◆ GIVEN DATA
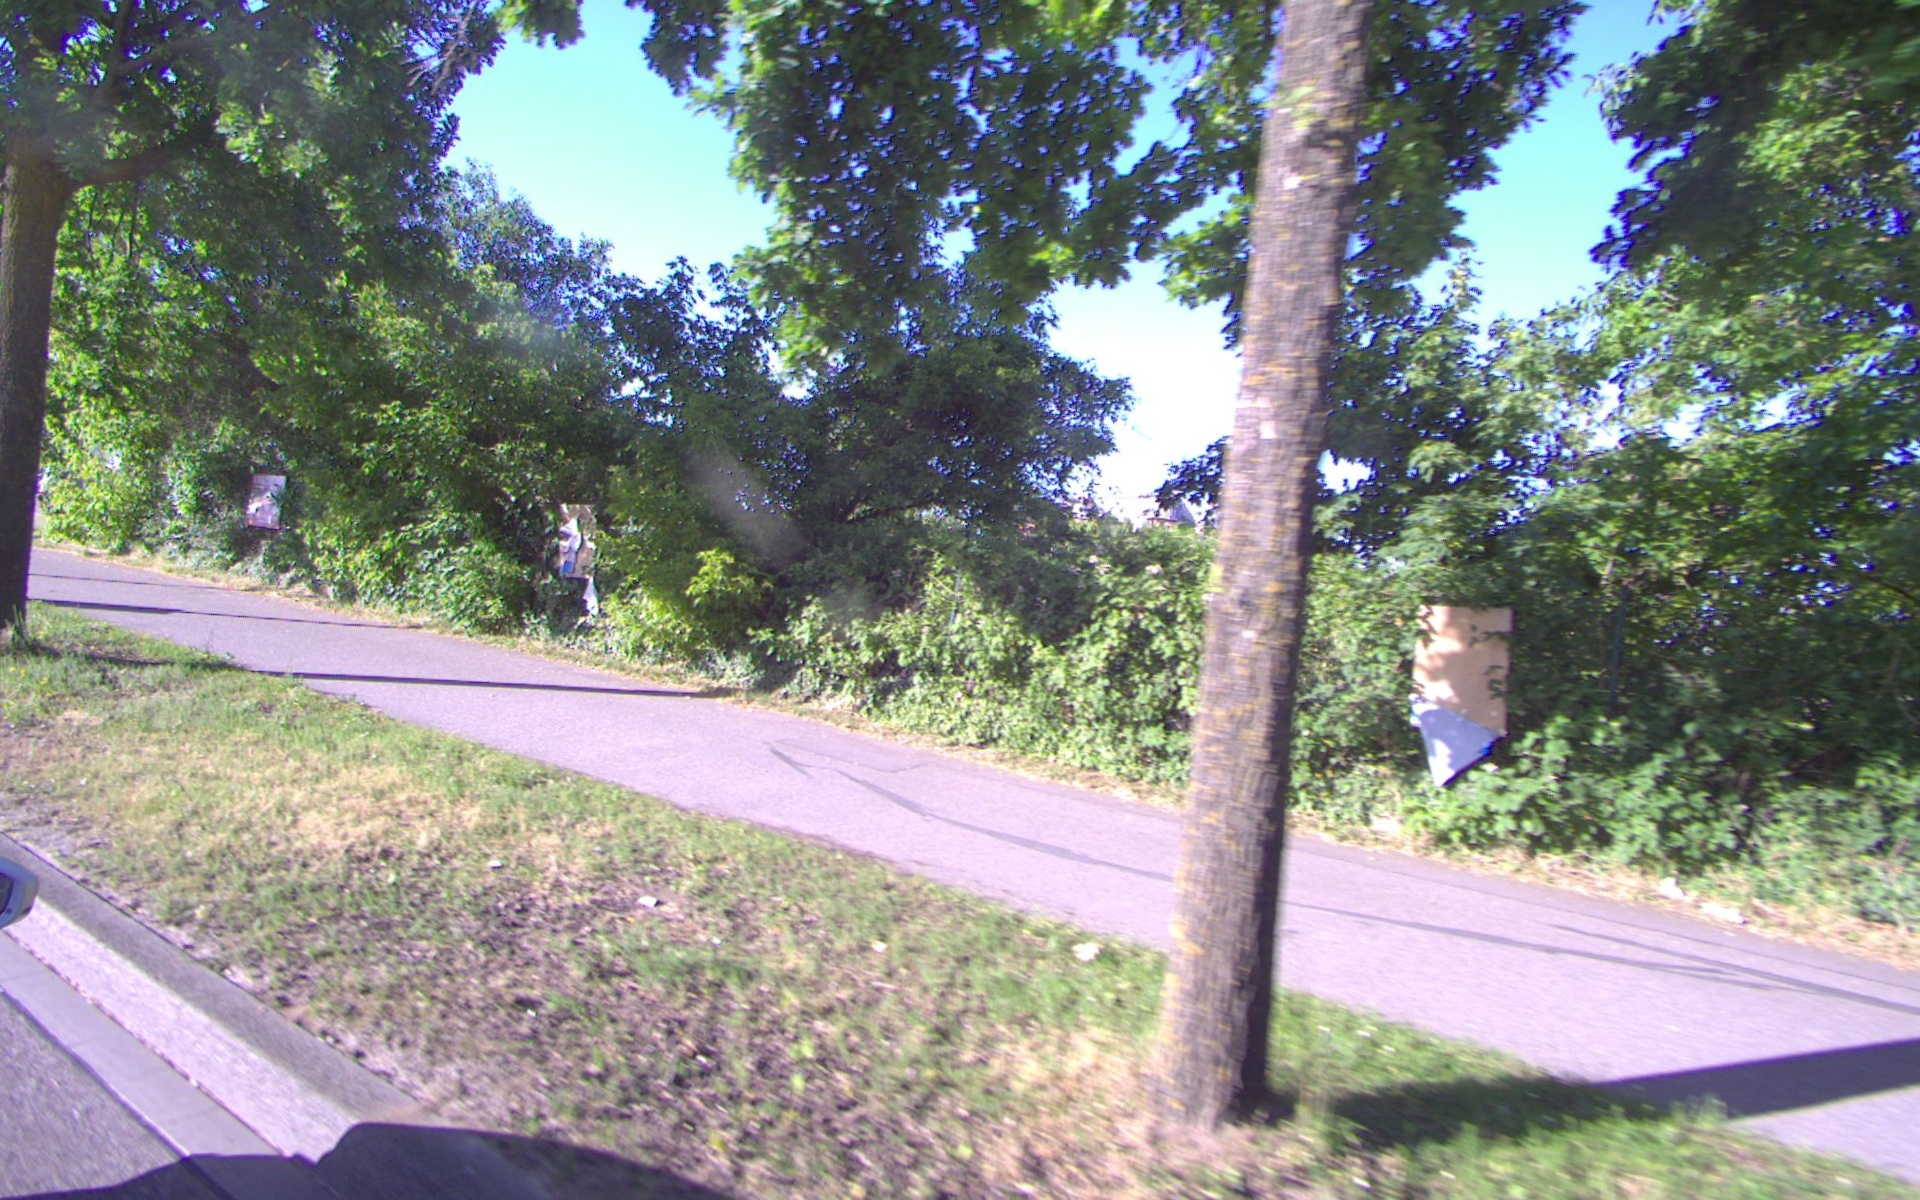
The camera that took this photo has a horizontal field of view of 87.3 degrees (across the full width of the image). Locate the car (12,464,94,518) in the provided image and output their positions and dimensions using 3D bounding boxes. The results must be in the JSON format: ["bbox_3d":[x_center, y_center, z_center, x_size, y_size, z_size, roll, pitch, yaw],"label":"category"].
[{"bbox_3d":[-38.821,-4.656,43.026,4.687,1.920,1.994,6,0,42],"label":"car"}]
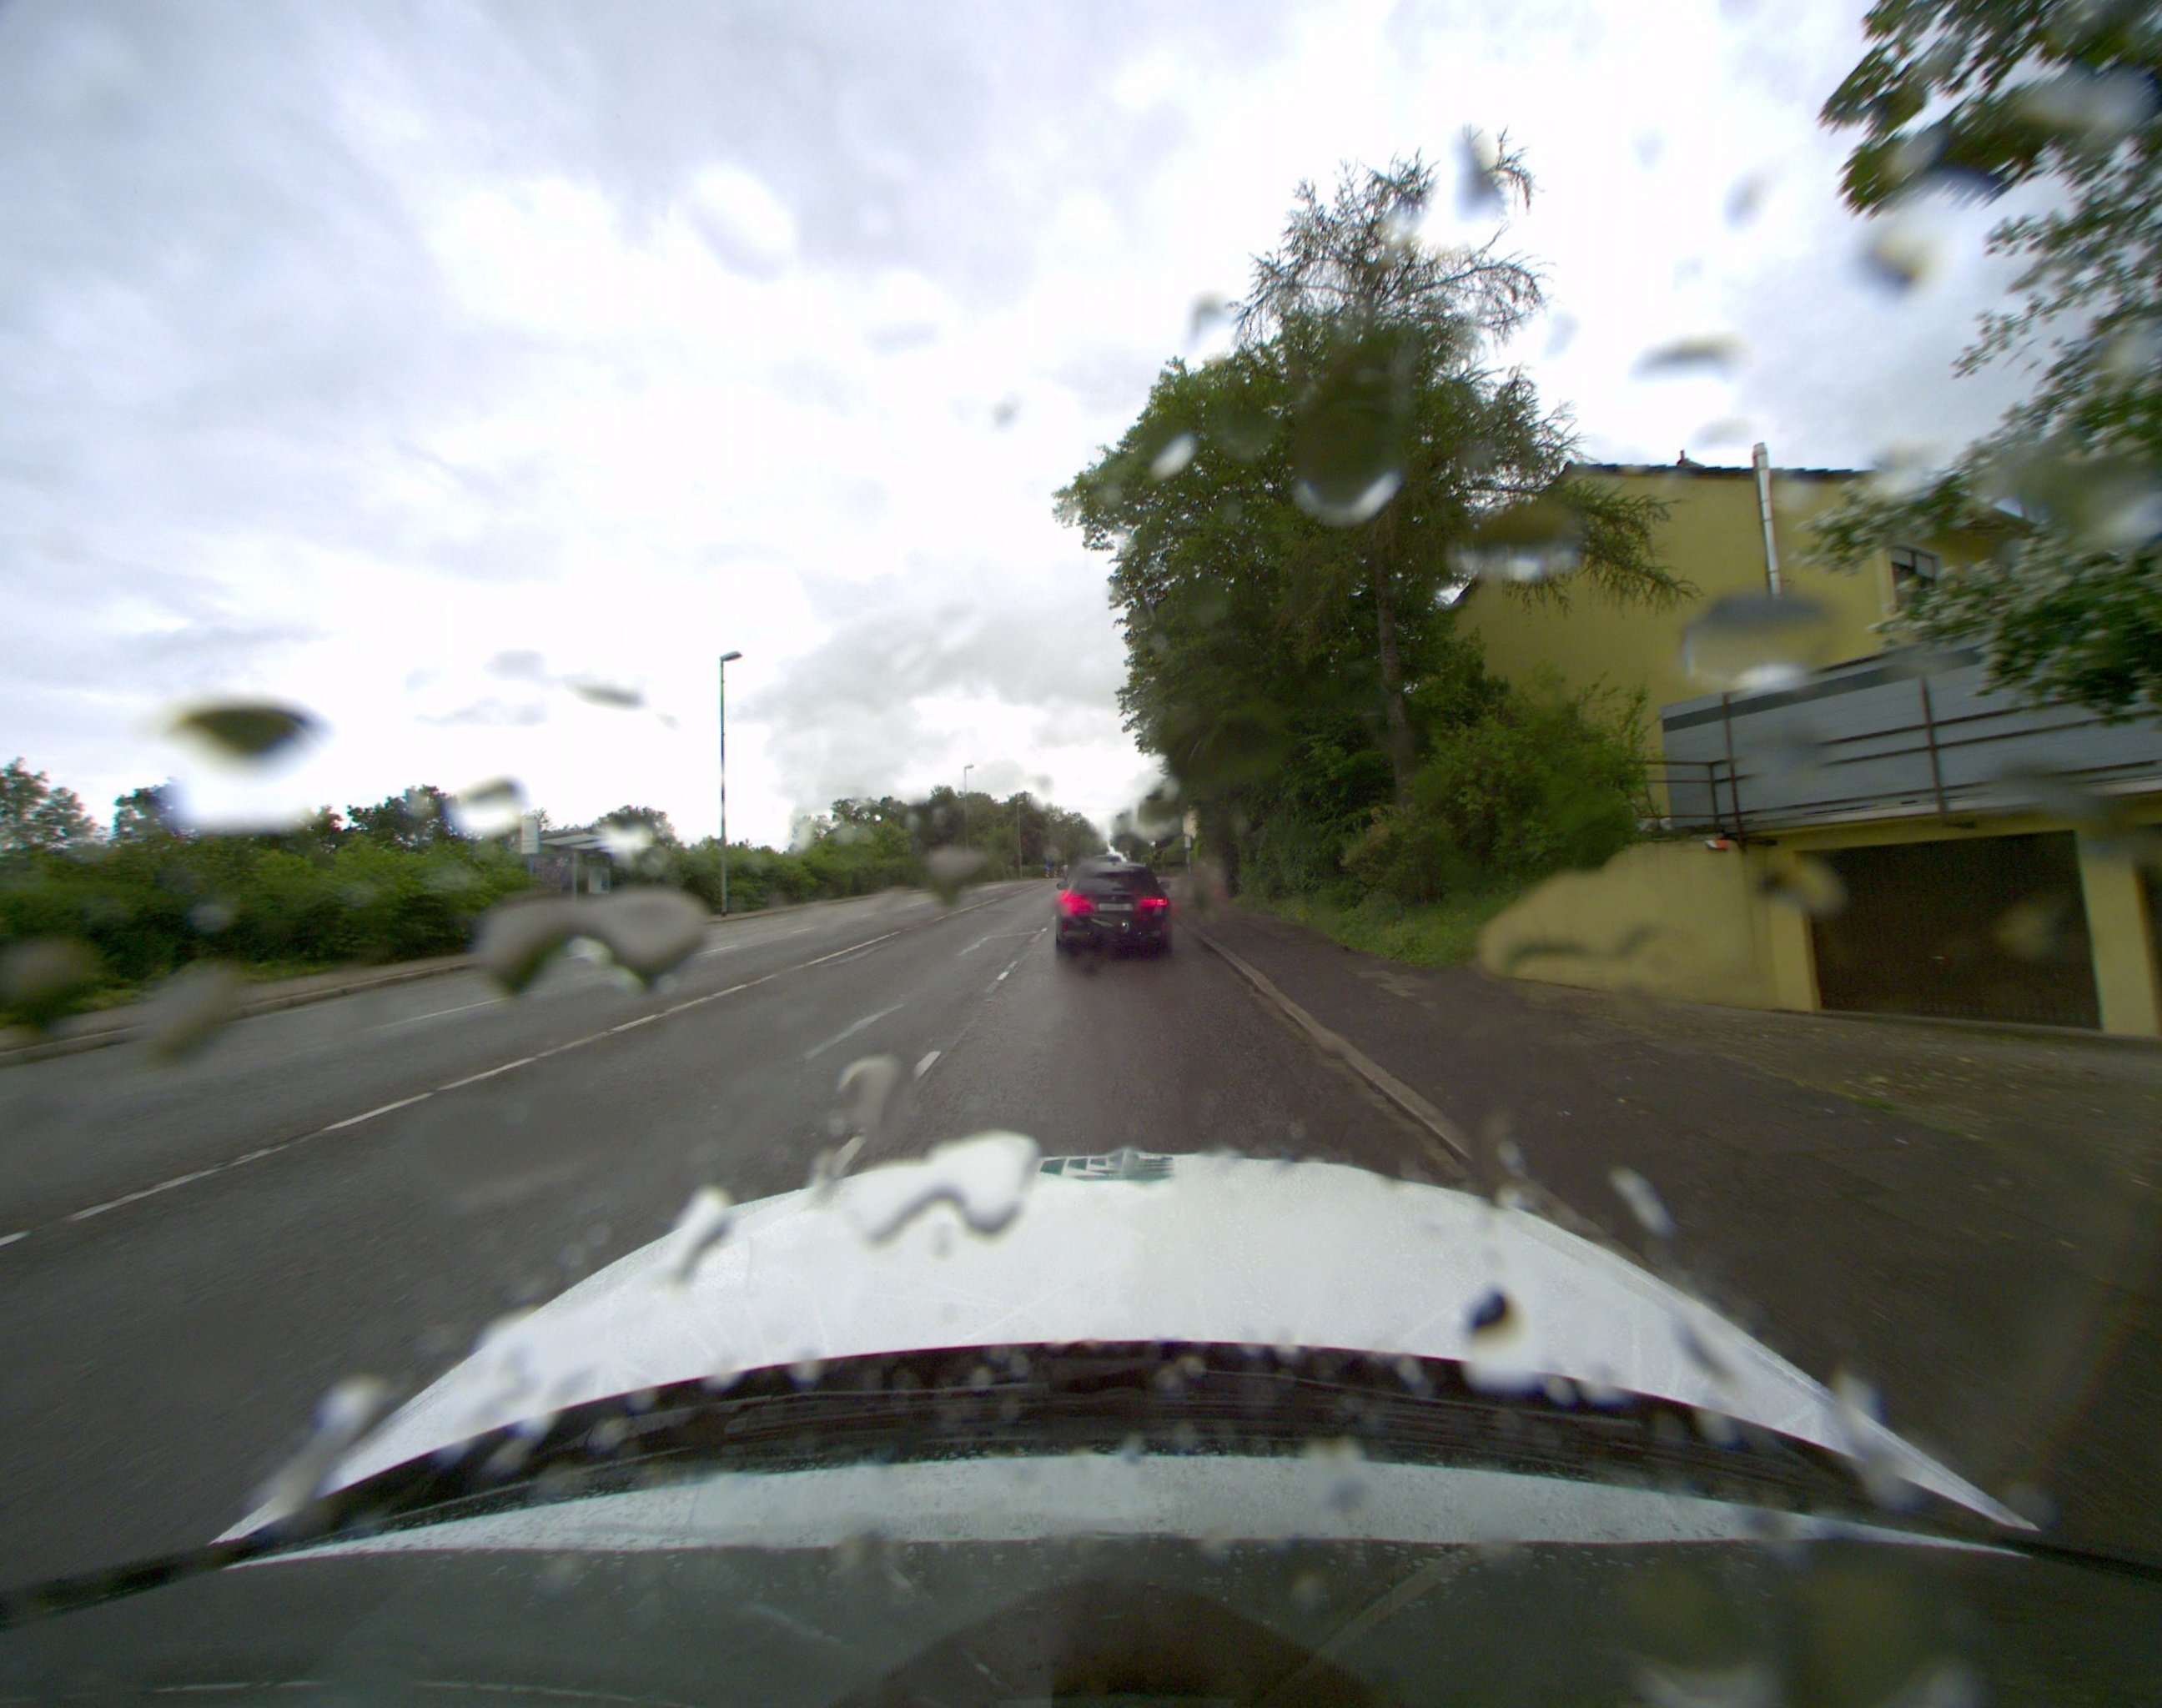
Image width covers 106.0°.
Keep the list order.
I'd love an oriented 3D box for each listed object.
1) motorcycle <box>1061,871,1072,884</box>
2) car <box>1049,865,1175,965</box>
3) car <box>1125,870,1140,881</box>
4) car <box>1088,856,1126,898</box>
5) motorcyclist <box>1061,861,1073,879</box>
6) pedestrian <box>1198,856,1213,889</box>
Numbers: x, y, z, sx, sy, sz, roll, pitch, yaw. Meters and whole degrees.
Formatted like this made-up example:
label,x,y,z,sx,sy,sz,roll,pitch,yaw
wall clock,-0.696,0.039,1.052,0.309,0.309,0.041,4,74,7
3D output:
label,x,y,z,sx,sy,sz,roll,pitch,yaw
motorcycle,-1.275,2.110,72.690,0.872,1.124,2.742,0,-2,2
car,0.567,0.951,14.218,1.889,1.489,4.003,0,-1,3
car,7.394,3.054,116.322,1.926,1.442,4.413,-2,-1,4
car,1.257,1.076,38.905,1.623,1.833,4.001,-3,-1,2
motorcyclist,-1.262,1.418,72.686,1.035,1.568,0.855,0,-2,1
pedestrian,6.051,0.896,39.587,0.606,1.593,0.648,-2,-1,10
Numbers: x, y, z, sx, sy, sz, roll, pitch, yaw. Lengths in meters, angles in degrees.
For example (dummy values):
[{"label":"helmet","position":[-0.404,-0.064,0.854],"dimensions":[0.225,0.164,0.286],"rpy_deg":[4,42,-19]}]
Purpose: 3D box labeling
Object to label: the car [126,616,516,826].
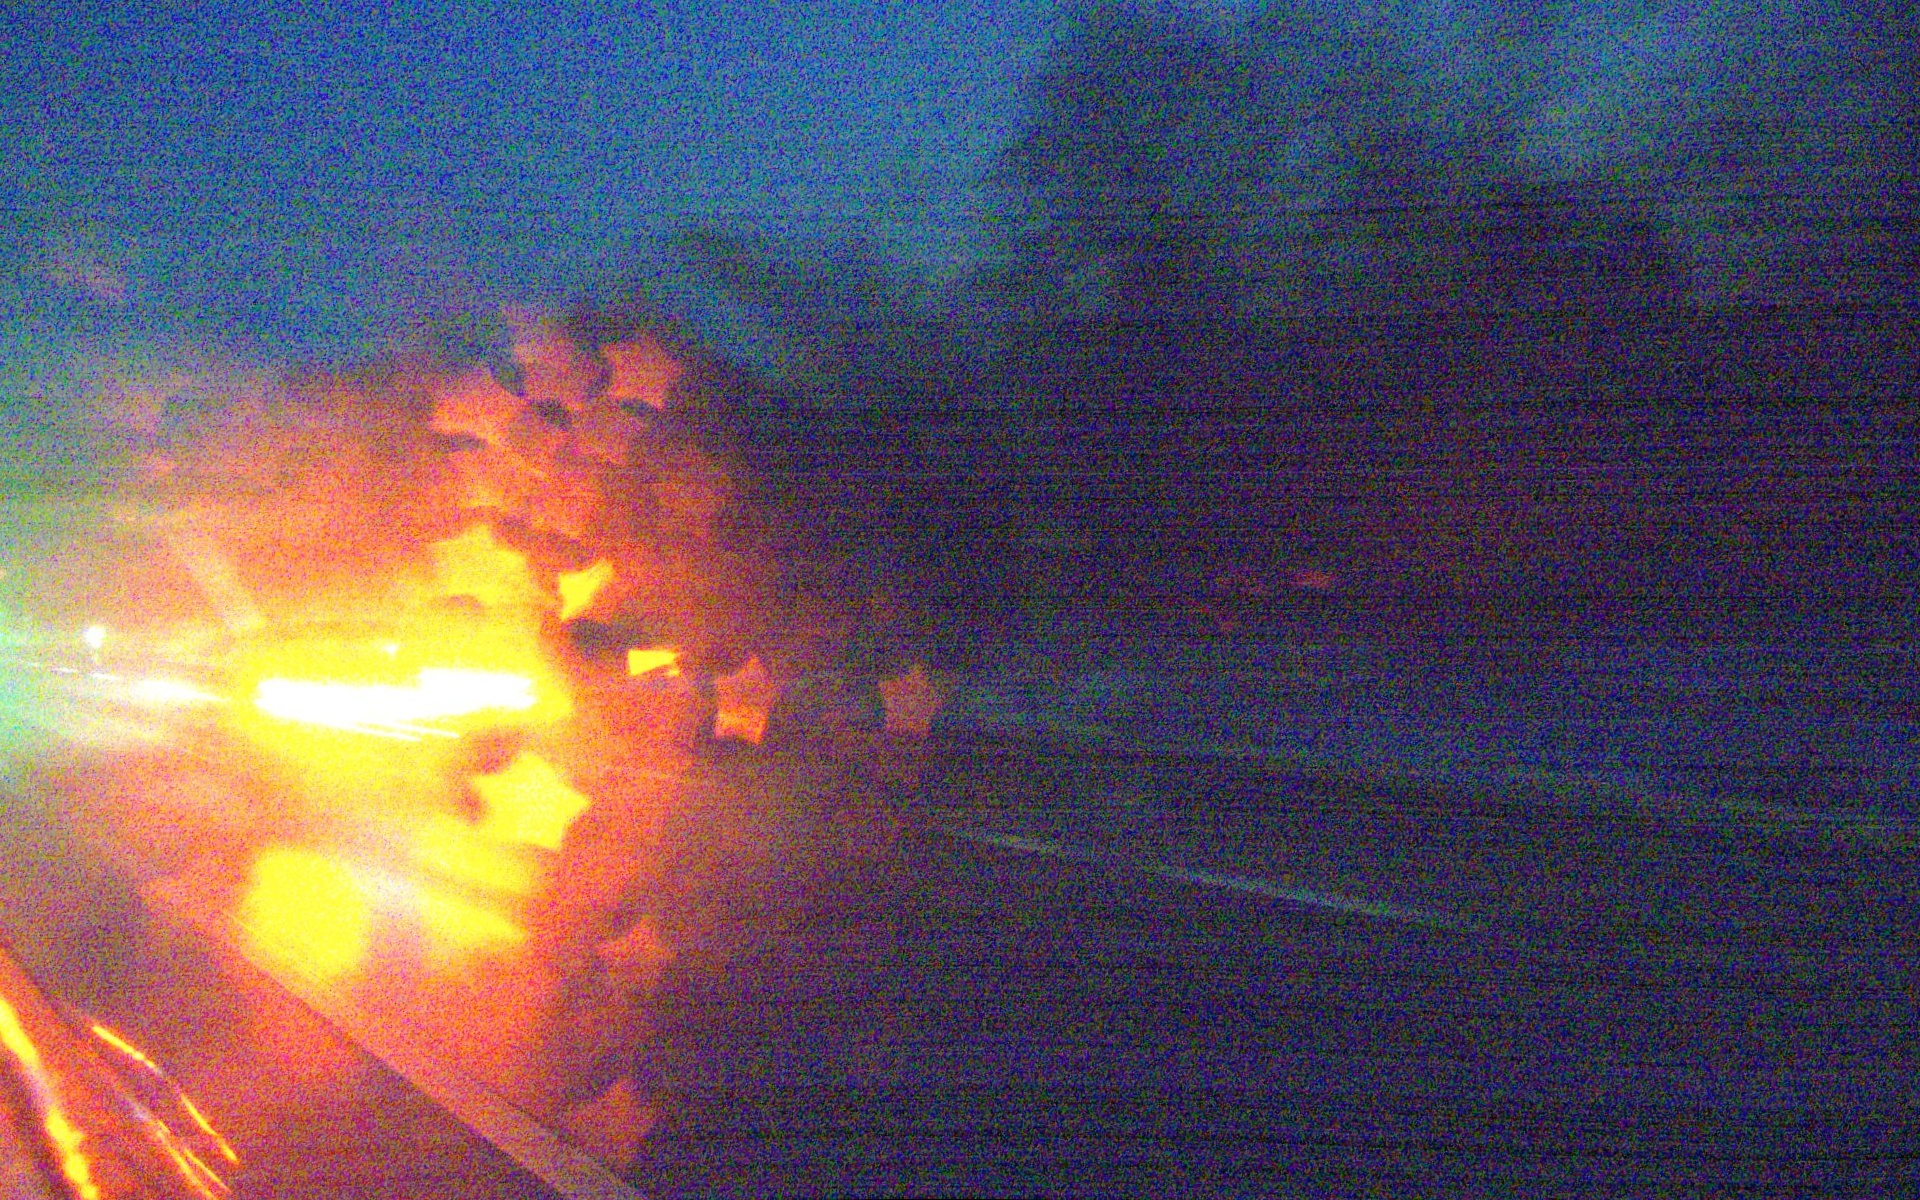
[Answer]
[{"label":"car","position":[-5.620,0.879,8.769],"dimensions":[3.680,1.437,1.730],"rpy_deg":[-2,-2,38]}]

◆ DIRECTIONS FOR THIS TASK
Only the lines from the one with "Purpose: 3D box labeling" through the final line of the entries above are to be repeated, exactly as written and without pictures.

◆ SOLUTION TO THIS PROBLEM
Purpose: 3D box labeling
Object to label: the car [126,616,516,826].
[Answer]
[{"label":"car","position":[-5.620,0.879,8.769],"dimensions":[3.680,1.437,1.730],"rpy_deg":[-2,-2,38]}]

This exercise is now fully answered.